__Try it__. Give an unaltered copy of the listing below, minus its pictures.
*** Opening of Supplied data ***
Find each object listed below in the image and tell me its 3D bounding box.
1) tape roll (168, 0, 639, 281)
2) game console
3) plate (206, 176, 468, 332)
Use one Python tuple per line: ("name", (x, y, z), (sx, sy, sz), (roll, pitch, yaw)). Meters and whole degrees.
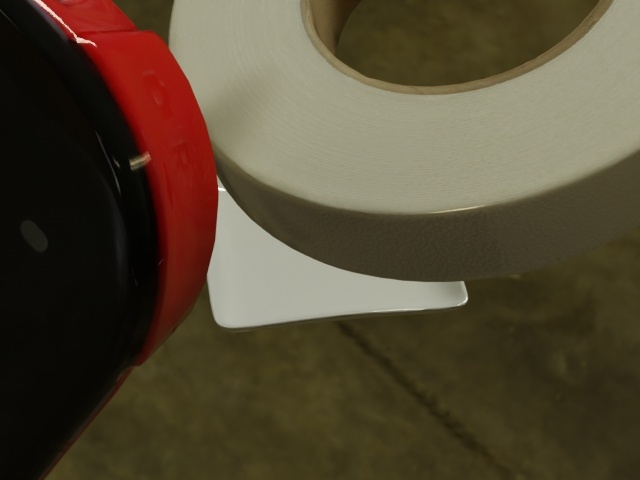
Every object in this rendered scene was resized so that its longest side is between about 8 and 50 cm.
("tape roll", (0.096, -0.148, 1.050), (0.392, 0.072, 0.392), (-10, 51, 13))
("game console", (-0.239, -0.034, 0.523), (0.386, 0.342, 0.060), (46, 28, 8))
("plate", (0.000, 0.000, 1.860), (0.277, 0.045, 0.278), (-5, 44, -10))
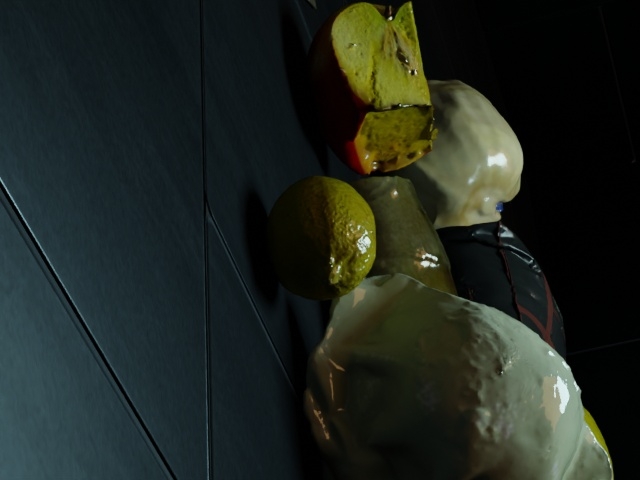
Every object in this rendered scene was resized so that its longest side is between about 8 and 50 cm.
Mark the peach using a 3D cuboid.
[{"bbox_3d":[0.045,-0.135,1.716,0.151,0.118,0.151,19,58,-33],"label":"peach"}]

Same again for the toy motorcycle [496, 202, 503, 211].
[{"bbox_3d":[0.177,0.034,2.255,0.076,0.114,0.205,-30,108,-79],"label":"toy motorcycle"}]

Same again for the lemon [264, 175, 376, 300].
[{"bbox_3d":[0.000,0.000,1.386,0.111,0.082,0.082,-84,159,-62],"label":"lemon"}]

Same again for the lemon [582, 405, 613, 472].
[{"bbox_3d":[0.242,0.253,2.215,0.170,0.170,0.207,42,29,-74],"label":"lemon"}]

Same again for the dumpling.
[{"bbox_3d":[0.094,0.142,1.425,0.193,0.258,0.147,-55,-175,-24],"label":"dumpling"}]

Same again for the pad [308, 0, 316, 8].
[{"bbox_3d":[-0.040,-0.339,1.817,0.158,0.003,0.235,37,41,-75],"label":"pad"}]

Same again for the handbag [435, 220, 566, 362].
[{"bbox_3d":[0.166,0.104,1.978,0.215,0.155,0.169,68,15,-48],"label":"handbag"}]

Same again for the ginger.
[{"bbox_3d":[0.064,0.070,1.594,0.109,0.116,0.263,123,-42,-58],"label":"ginger"}]

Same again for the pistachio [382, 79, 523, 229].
[{"bbox_3d":[0.127,-0.087,2.082,0.229,0.157,0.157,-111,-178,-58],"label":"pistachio"}]
*** Close of Supplied data ***
__Your solution__.
Find each object listed below in the image and tell me its 3D bounding box.
1) tape roll (168, 0, 639, 281)
2) game console
3) plate (206, 176, 468, 332)
Use one Python tuple per line: ("name", (x, y, z), (sx, sy, sz), (roll, pitch, yaw)). Meters and whole degrees.
Every object in this rendered scene was resized so that its longest side is between about 8 and 50 cm.
("tape roll", (0.096, -0.148, 1.050), (0.392, 0.072, 0.392), (-10, 51, 13))
("game console", (-0.239, -0.034, 0.523), (0.386, 0.342, 0.060), (46, 28, 8))
("plate", (0.000, 0.000, 1.860), (0.277, 0.045, 0.278), (-5, 44, -10))
Every object in this rendered scene was resized so that its longest side is between about 8 and 50 cm.
Mark the peach using a 3D cuboid.
[{"bbox_3d":[0.045,-0.135,1.716,0.151,0.118,0.151,19,58,-33],"label":"peach"}]

Same again for the toy motorcycle [496, 202, 503, 211].
[{"bbox_3d":[0.177,0.034,2.255,0.076,0.114,0.205,-30,108,-79],"label":"toy motorcycle"}]

Same again for the lemon [264, 175, 376, 300].
[{"bbox_3d":[0.000,0.000,1.386,0.111,0.082,0.082,-84,159,-62],"label":"lemon"}]

Same again for the lemon [582, 405, 613, 472].
[{"bbox_3d":[0.242,0.253,2.215,0.170,0.170,0.207,42,29,-74],"label":"lemon"}]

Same again for the dumpling.
[{"bbox_3d":[0.094,0.142,1.425,0.193,0.258,0.147,-55,-175,-24],"label":"dumpling"}]

Same again for the pad [308, 0, 316, 8].
[{"bbox_3d":[-0.040,-0.339,1.817,0.158,0.003,0.235,37,41,-75],"label":"pad"}]

Same again for the handbag [435, 220, 566, 362].
[{"bbox_3d":[0.166,0.104,1.978,0.215,0.155,0.169,68,15,-48],"label":"handbag"}]

Same again for the ginger.
[{"bbox_3d":[0.064,0.070,1.594,0.109,0.116,0.263,123,-42,-58],"label":"ginger"}]

Same again for the pistachio [382, 79, 523, 229].
[{"bbox_3d":[0.127,-0.087,2.082,0.229,0.157,0.157,-111,-178,-58],"label":"pistachio"}]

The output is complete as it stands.